Dataset records
+ + + +

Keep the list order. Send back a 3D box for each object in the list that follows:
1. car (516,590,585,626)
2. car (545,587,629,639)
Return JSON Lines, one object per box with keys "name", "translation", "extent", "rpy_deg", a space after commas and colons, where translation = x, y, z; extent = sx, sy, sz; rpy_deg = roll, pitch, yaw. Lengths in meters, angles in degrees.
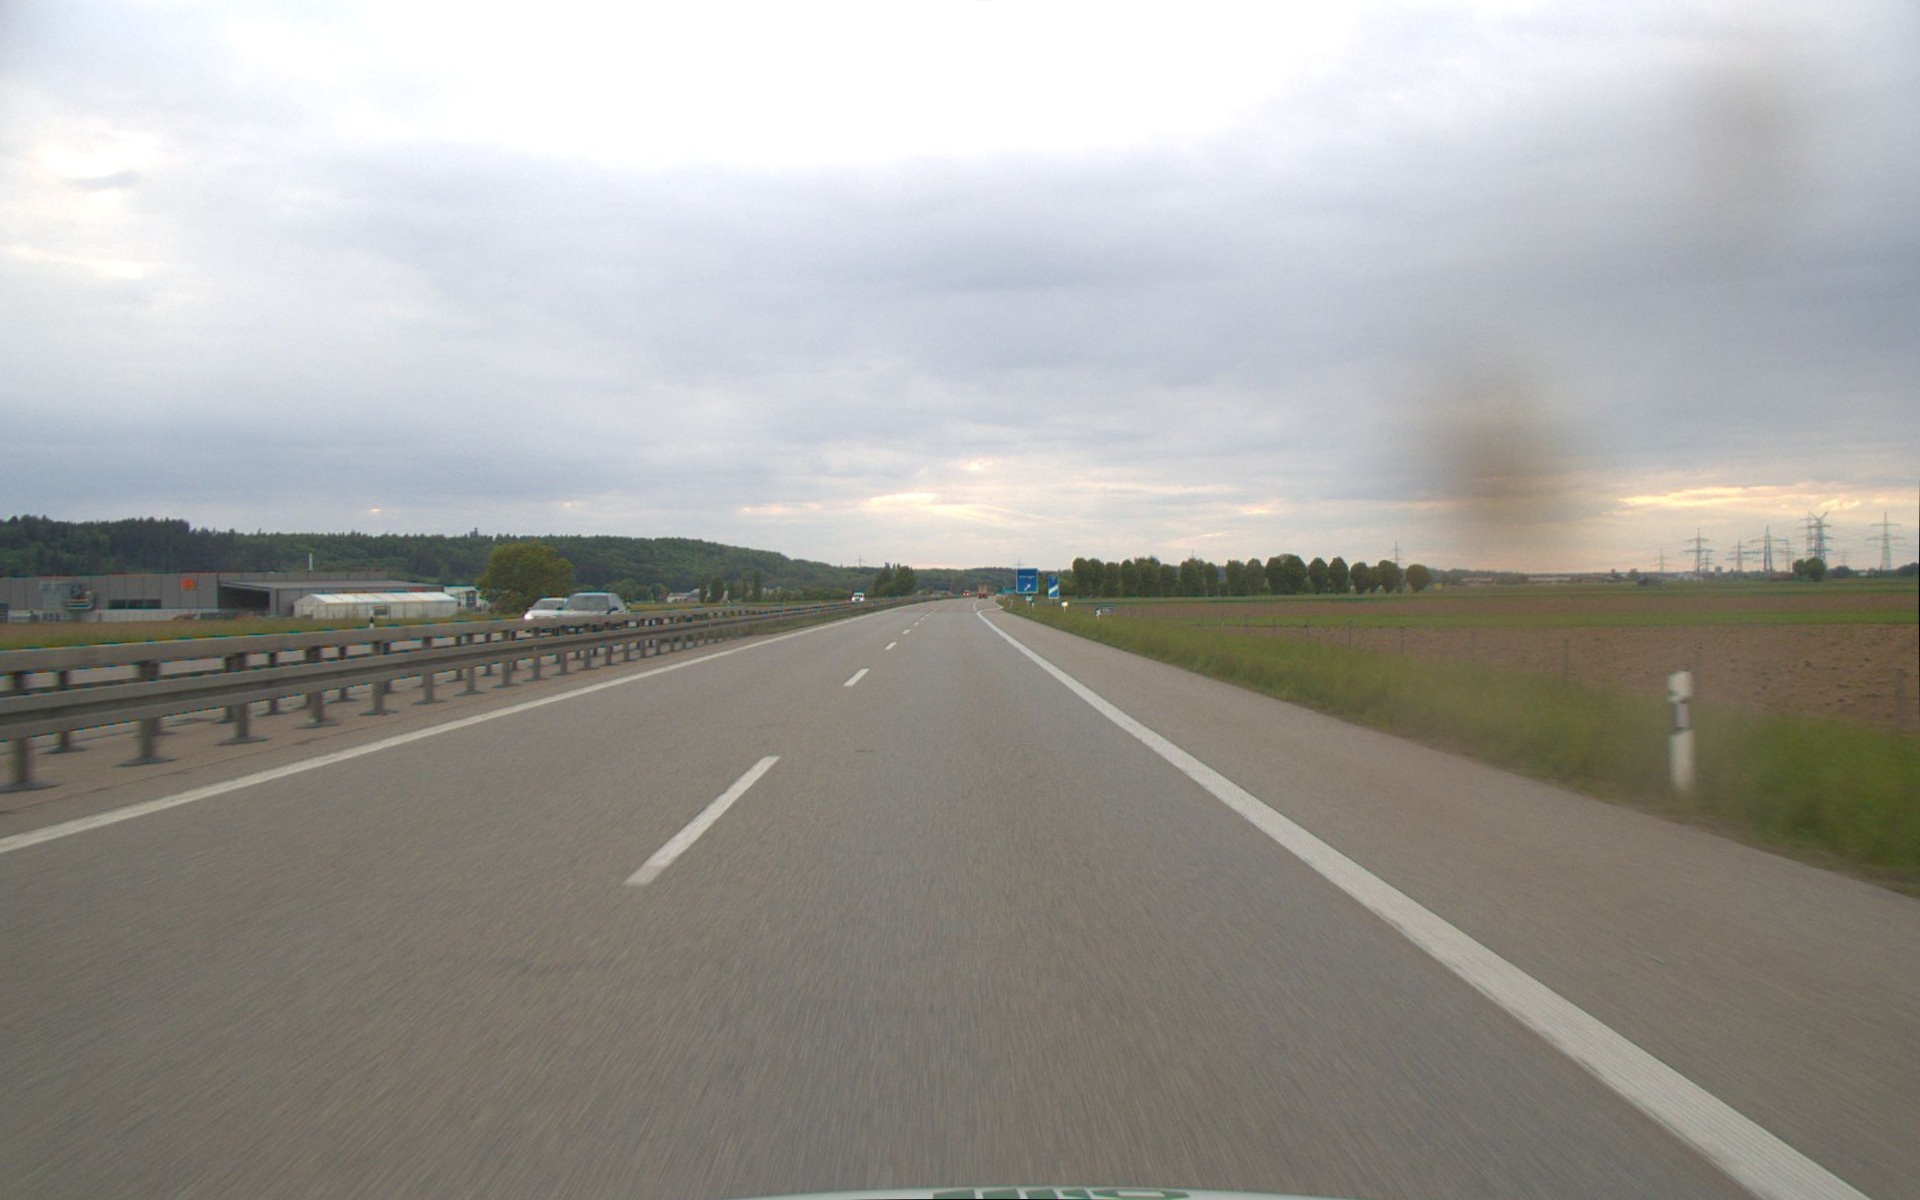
{"name": "car", "translation": [-17.923, 0.319, 72.630], "extent": [1.953, 1.522, 4.761], "rpy_deg": [0, 0, -2]}
{"name": "car", "translation": [-12.960, 0.435, 57.665], "extent": [1.953, 1.730, 4.301], "rpy_deg": [1, 0, -1]}

+ + + +

The problem
Each record must be returned exactly as it stands, and the images omitted.

Solution for this problem
Keep the list order. Send back a 3D box for each object in the list that follows:
1. car (516,590,585,626)
2. car (545,587,629,639)
Return JSON Lines, one object per box with keys "name", "translation", "extent", "rpy_deg", a space after commas and colons, where translation = x, y, z; extent = sx, sy, sz; rpy_deg = roll, pitch, yaw. Lengths in meters, angles in degrees.
{"name": "car", "translation": [-17.923, 0.319, 72.630], "extent": [1.953, 1.522, 4.761], "rpy_deg": [0, 0, -2]}
{"name": "car", "translation": [-12.960, 0.435, 57.665], "extent": [1.953, 1.730, 4.301], "rpy_deg": [1, 0, -1]}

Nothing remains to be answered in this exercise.